[Recorded data]
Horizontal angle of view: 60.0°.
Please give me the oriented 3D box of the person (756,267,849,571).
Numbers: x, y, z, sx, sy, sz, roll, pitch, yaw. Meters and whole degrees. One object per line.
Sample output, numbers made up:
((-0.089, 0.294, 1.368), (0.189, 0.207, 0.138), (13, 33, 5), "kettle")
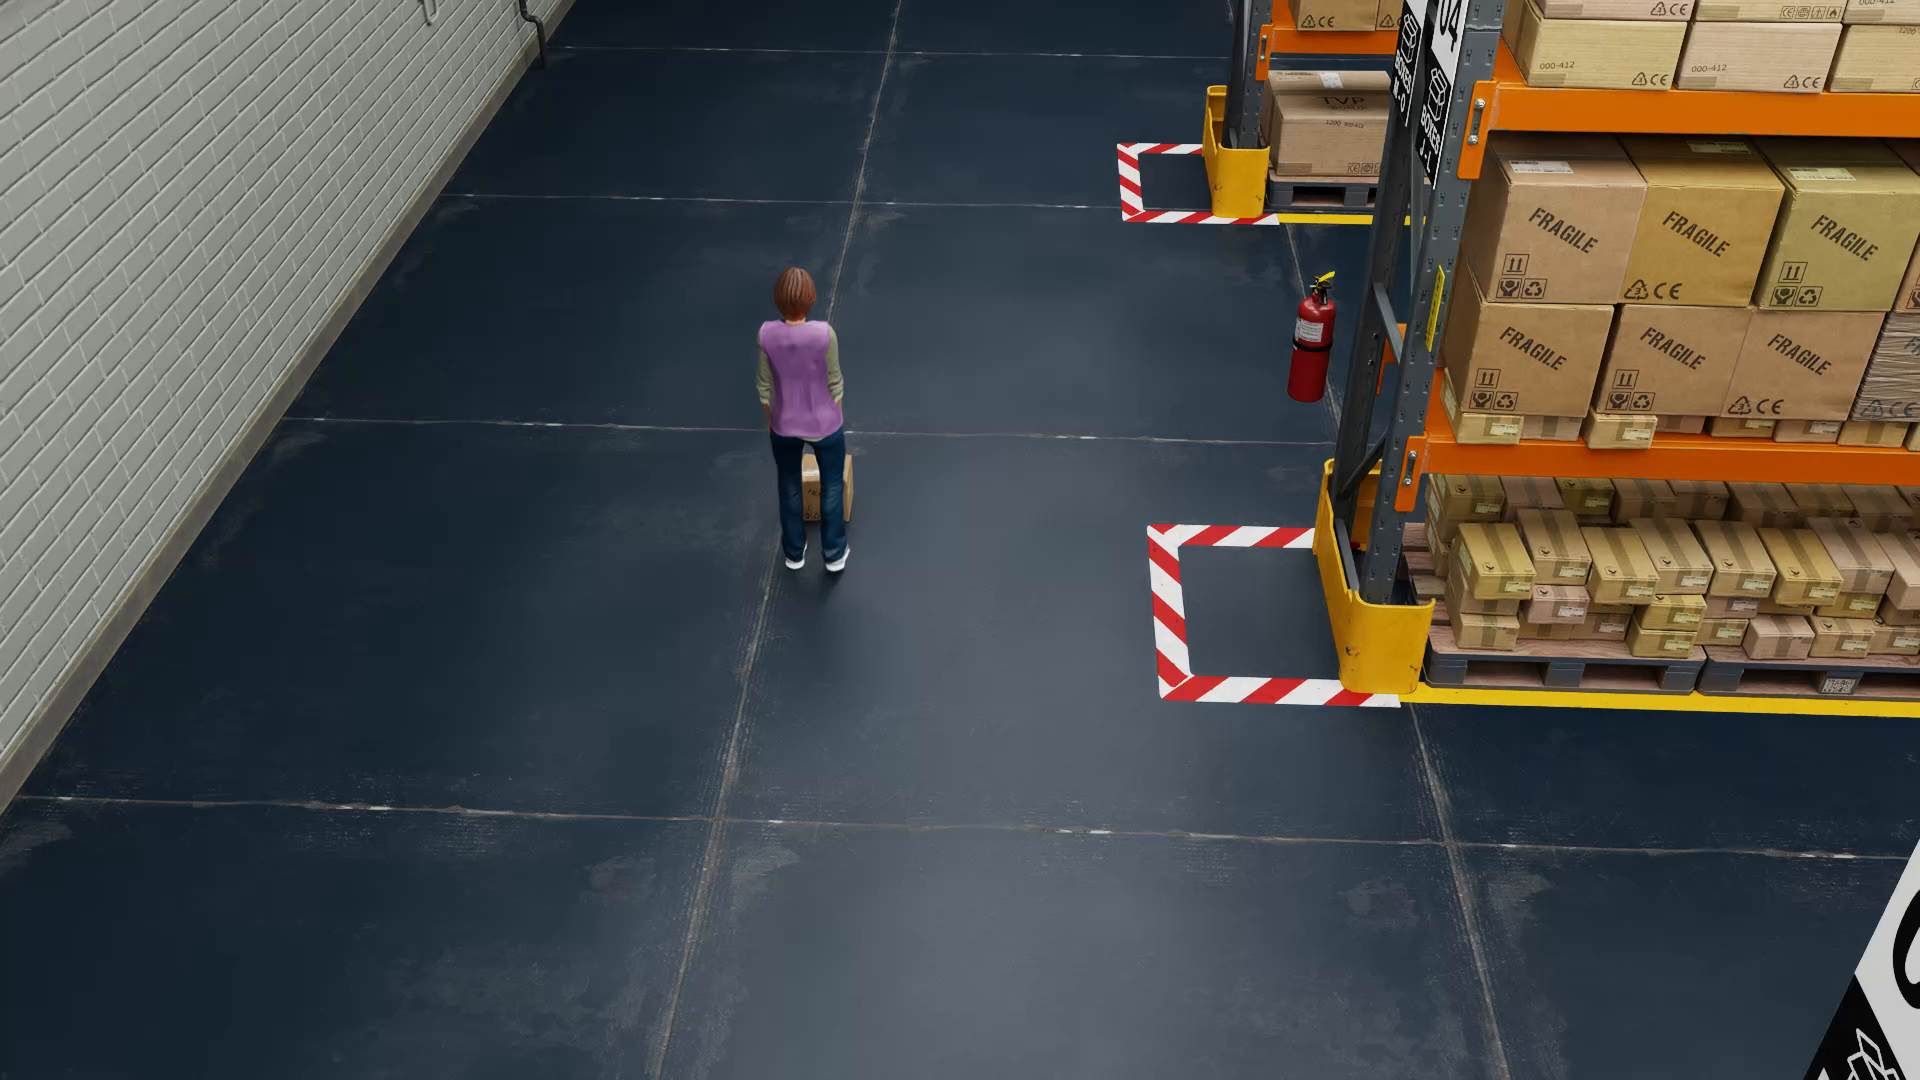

### Task objective:
Give an exact copy of the data, and omit any pictures it holds.

### Output for this exercise:
Horizontal angle of view: 60.0°.
Please give me the oriented 3D box of the person (756,267,849,571).
Numbers: x, y, z, sx, sy, sz, roll, pitch, yaw. Meters and whole degrees. One object per line.
Sample output, numbers made up:
((-0.089, 0.294, 1.368), (0.189, 0.207, 0.138), (13, 33, 5), "kettle")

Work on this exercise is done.